Center for Medical Image Computing, Department of Computer Science, University College London, London, United Kingdom.
Huntington's Disease Research Center, Department of Neurodegenerative Disease, University College London, Queen Square Institute of Neurology, London, United Kingdom.
Ann Neurol. 2020 May;87(5):751-762. doi: 10.1002/ana.25709. Epub 2020 Mar 14.
The identification of sensitive biomarkers is essential to validate therapeutics for Huntington disease (HD). We directly compare structural imaging markers across the largest collective imaging HD dataset to identify a set of imaging markers robust to multicenter variation and to derive upper estimates on sample sizes for clinical trials in HD.
We used 1 postprocessing pipeline to retrospectively analyze T1-weighted magnetic resonance imaging (MRI) scans from 624 participants at 3 time points, from the PREDICT-HD, TRACK-HD, and IMAGE-HD studies. We used mixed effects models to adjust regional brain volumes for covariates, calculate effect sizes, and simulate possible treatment effects in disease-affected anatomical regions. We used our model to estimate the statistical power of possible treatment effects for anatomical regions and clinical markers.
We identified a set of common anatomical regions that have similarly large standardized effect sizes (>0.5) between healthy control and premanifest HD (PreHD) groups. These included subcortical, white matter, and cortical regions and nonventricular cerebrospinal fluid (CSF).
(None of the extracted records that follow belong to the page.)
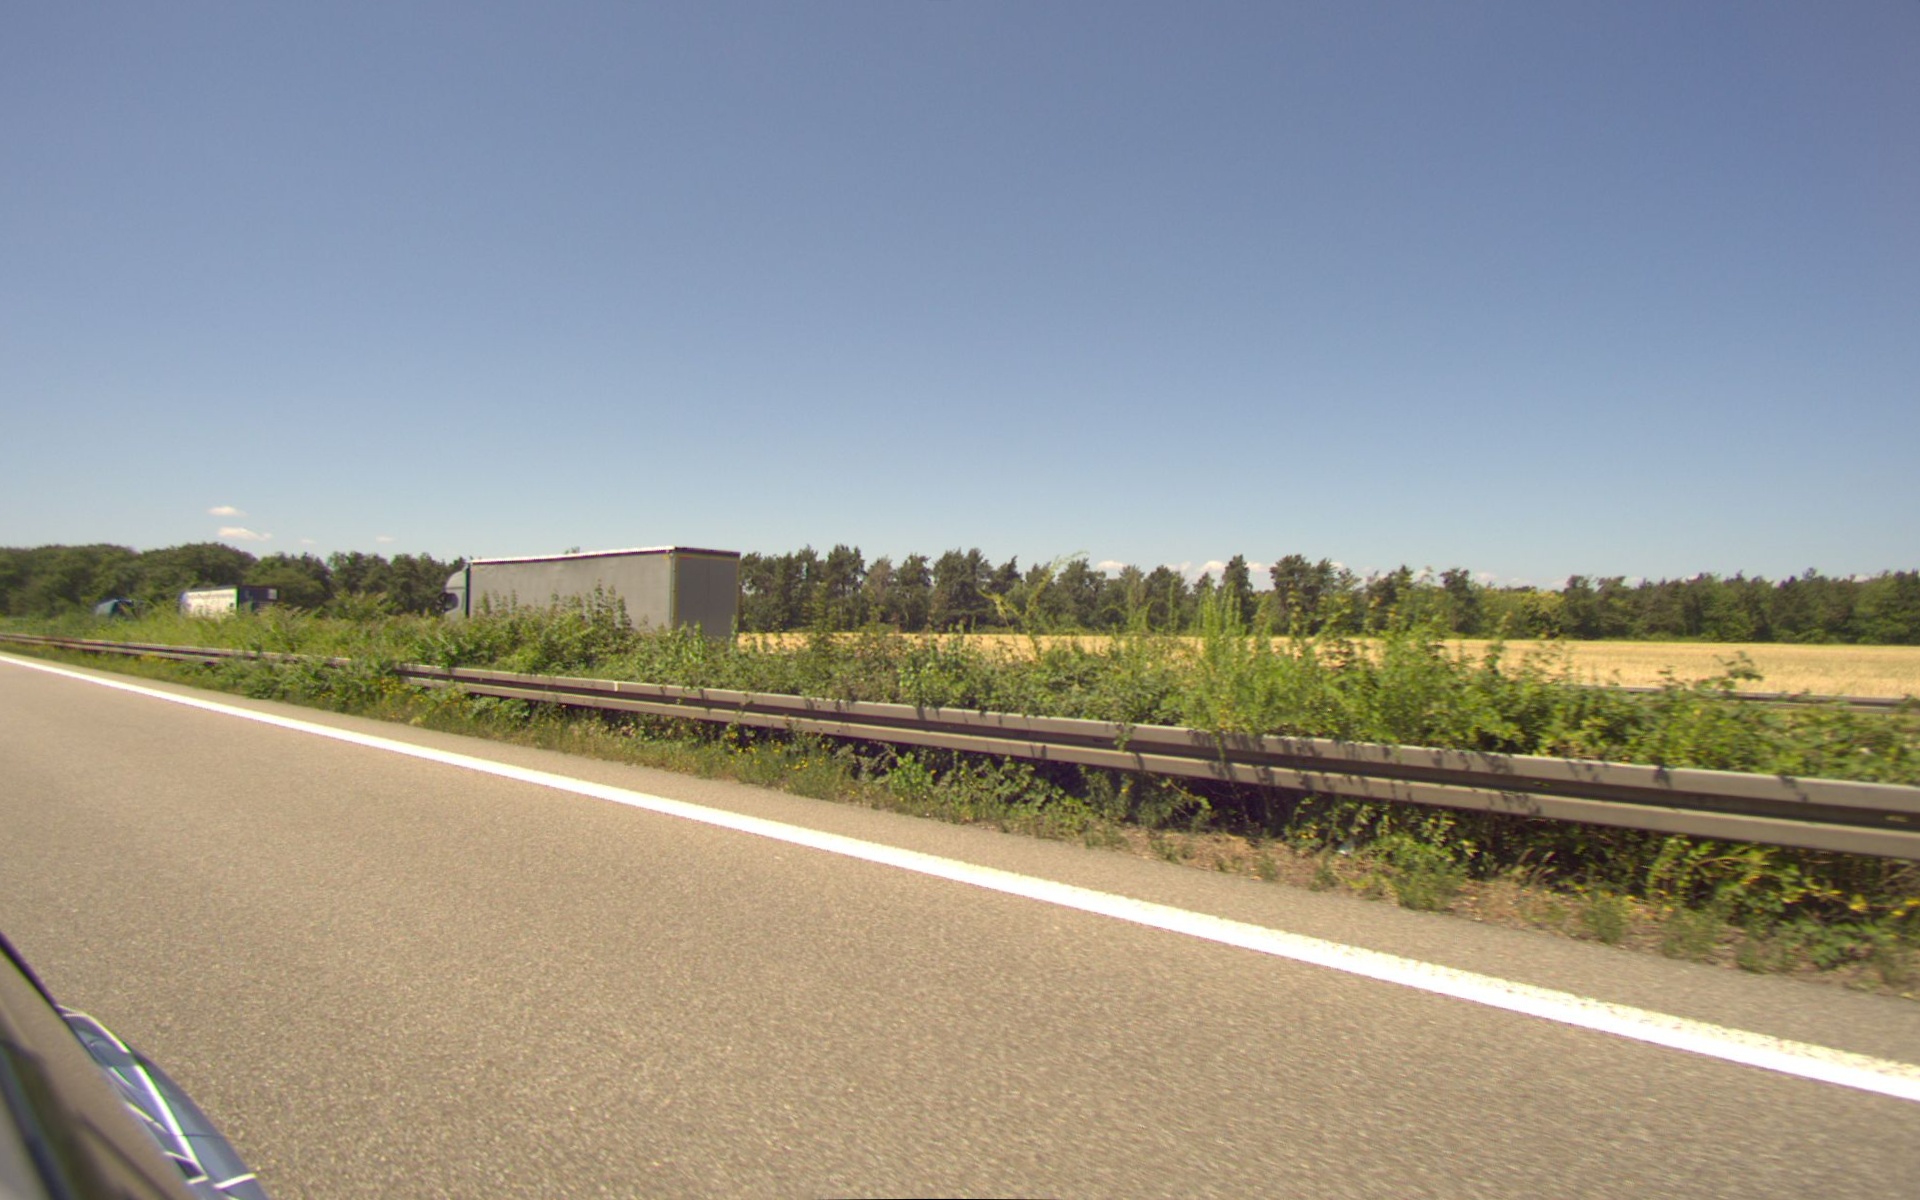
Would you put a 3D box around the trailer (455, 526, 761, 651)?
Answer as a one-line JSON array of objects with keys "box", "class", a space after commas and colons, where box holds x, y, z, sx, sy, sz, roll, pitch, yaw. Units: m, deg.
[{"box": [-13.025, -0.239, 36.005, 14.369, 3.726, 3.316, -1, 0, 40], "class": "trailer"}]

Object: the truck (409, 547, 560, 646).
[{"box": [-19.505, -0.097, 41.407, 6.059, 3.726, 3.316, -1, 0, 40], "class": "truck"}]

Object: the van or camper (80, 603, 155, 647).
[{"box": [-64.269, 1.882, 77.092, 11.505, 3.125, 2.583, -1, -2, 41], "class": "van or camper"}]

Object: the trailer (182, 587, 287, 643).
[{"box": [-52.517, 1.117, 72.978, 14.377, 3.726, 3.077, -1, 0, 42], "class": "trailer"}]

We also observed a consistent spatial distribution of effect size by region across the whole brain. We found that multicenter studies were necessary to capture treatment effect variance; for a 20% treatment effect, power of >80% was achieved for the caudate (n = 661), pallidum (n = 687), and nonventricular CSF (n = 939), and, crucially, these imaging markers provided greater power than standard clinical markers.
Our findings provide the first cross-study validation of structural imaging markers in HD, supporting the use of these measurements as endpoints for both observational studies and clinical trials. ANN NEUROL 2020;87:751-762.
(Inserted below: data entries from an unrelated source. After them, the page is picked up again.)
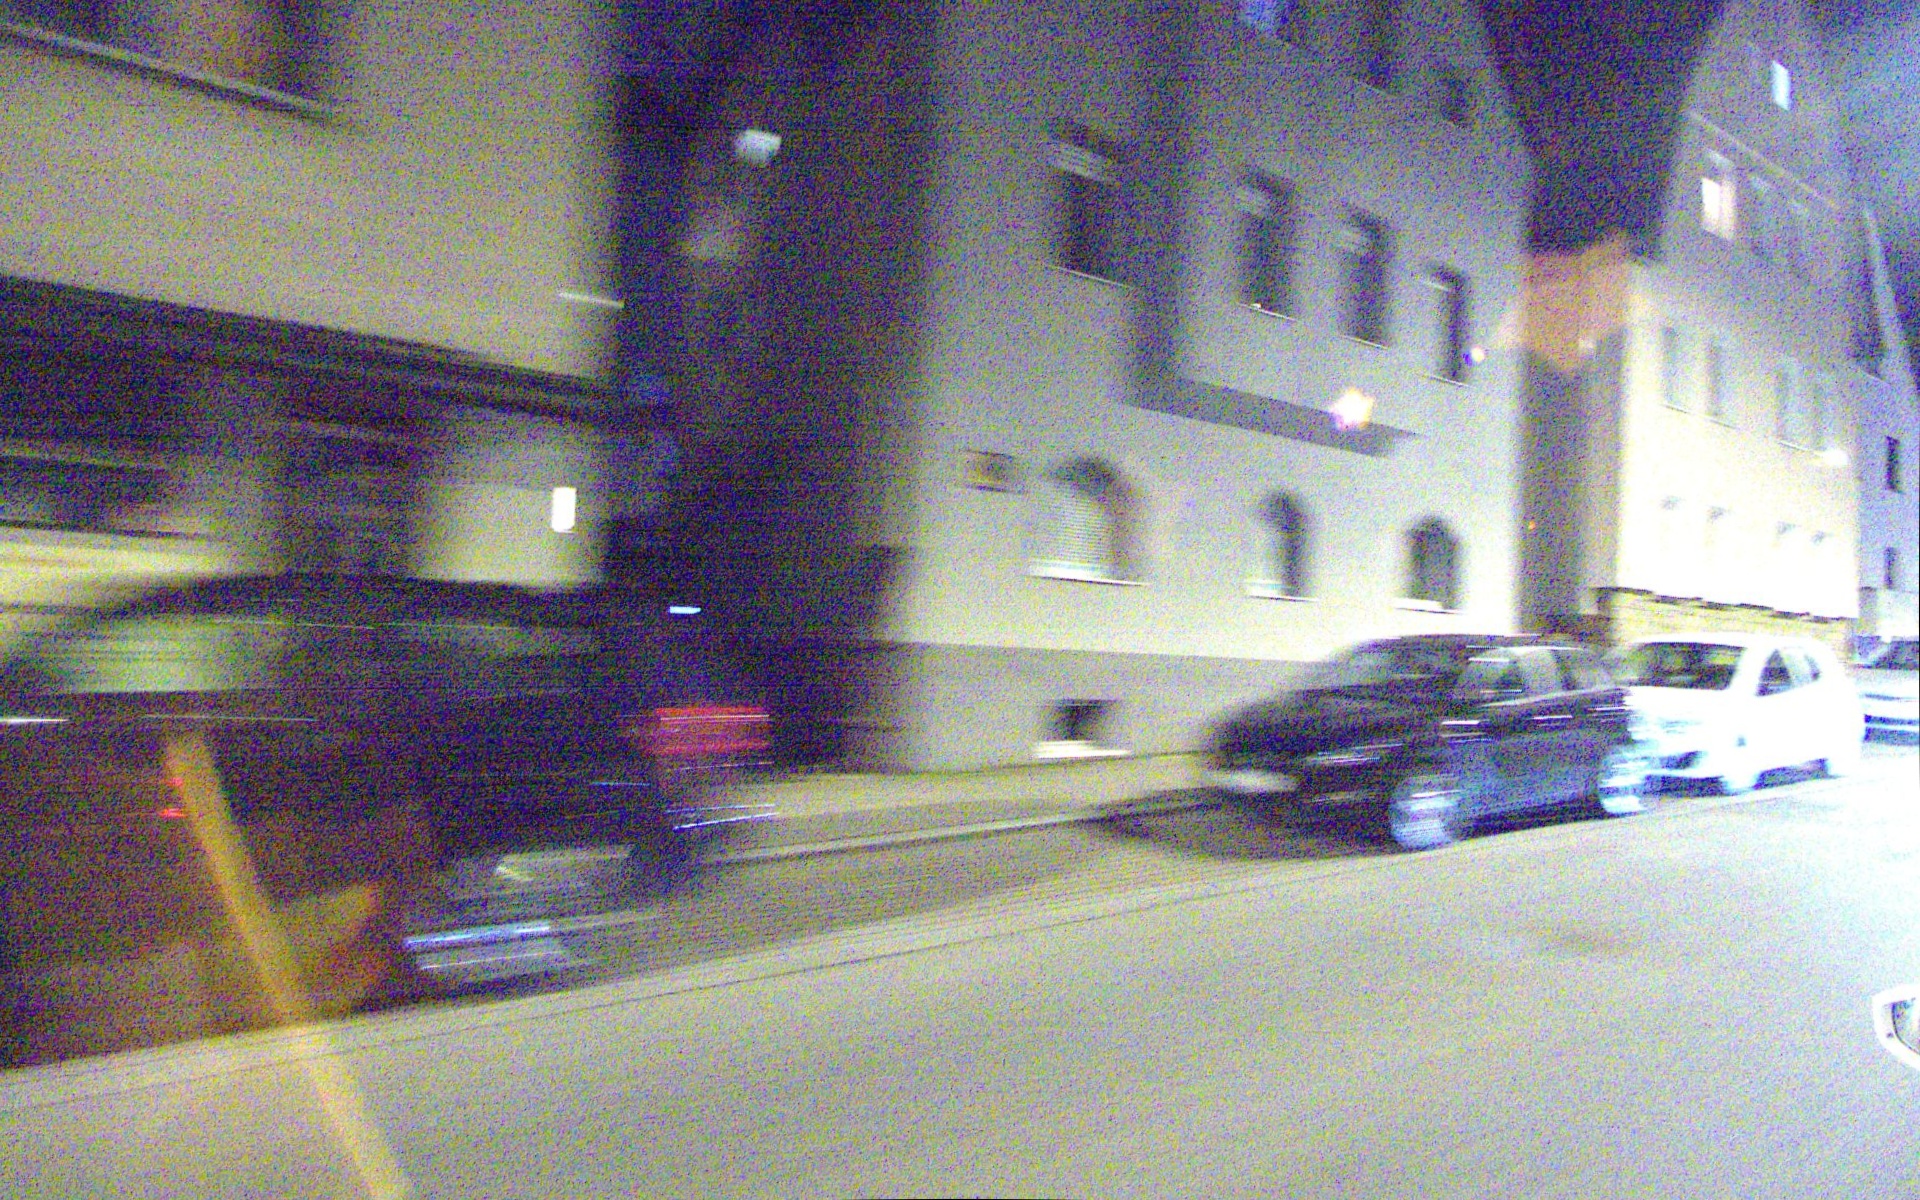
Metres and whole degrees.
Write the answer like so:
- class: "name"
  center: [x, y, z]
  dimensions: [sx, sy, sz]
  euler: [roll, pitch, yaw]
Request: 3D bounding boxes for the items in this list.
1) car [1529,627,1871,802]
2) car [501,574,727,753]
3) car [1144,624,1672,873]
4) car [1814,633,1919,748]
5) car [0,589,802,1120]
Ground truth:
- class: "car"
  center: [7.824, 1.088, 10.552]
  dimensions: [3.738, 1.511, 1.613]
  euler: [2, -1, -32]
- class: "car"
  center: [-4.647, 0.732, 13.111]
  dimensions: [1.938, 1.941, 3.966]
  euler: [2, -1, -32]
- class: "car"
  center: [3.716, 1.003, 8.140]
  dimensions: [4.232, 1.511, 1.854]
  euler: [2, -1, -32]
- class: "car"
  center: [14.307, 1.230, 14.573]
  dimensions: [4.180, 1.511, 1.695]
  euler: [1, -3, -32]
- class: "car"
  center: [-3.090, 0.799, 4.092]
  dimensions: [4.491, 1.640, 1.826]
  euler: [1, -1, -30]

鉴定敏感生物标志物对于验证亨廷顿病(HD)的治疗方法至关重要。我们直接比较最大的集体成像 HD 数据集的结构成像标志物,以确定一组对多中心变化具有稳健性的成像标志物,并为 HD 临床试验得出样本量的上限估计。
我们使用 1 个后处理管道来回顾性分析来自 PREDICT-HD、TRACK-HD 和 IMAGE-HD 研究的 624 名参与者在 3 个时间点的 T1 加权磁共振成像(MRI)扫描。我们使用混合效应模型调整区域脑容量的协变量,计算效应大小,并模拟疾病相关解剖区域的可能治疗效果。我们使用我们的模型来估计可能的治疗效果在解剖区域和临床标志物上的统计功效。
我们确定了一组常见的解剖区域,这些区域在健康对照组和前manifest HD(PreHD)组之间具有相似的大标准化效应大小(>0.5)。这些区域包括皮质下、白质和皮质区域以及非脑室性脑脊液(CSF)。我们还观察到整个大脑中效应大小的一致空间分布。我们发现,多中心研究对于捕捉治疗效果方差是必要的;对于 20%的治疗效果,尾状核(n=661)、苍白球(n=687)和非脑室性 CSF(n=939)的功效超过 80%,而且,这些影像学标志物提供了比标准临床标志物更大的功效。
我们的研究结果提供了在 HD 中首次对结构影像学标志物的跨研究验证,支持将这些测量作为观察性研究和临床试验的终点。ANN NEUROL 2020;87:751-762。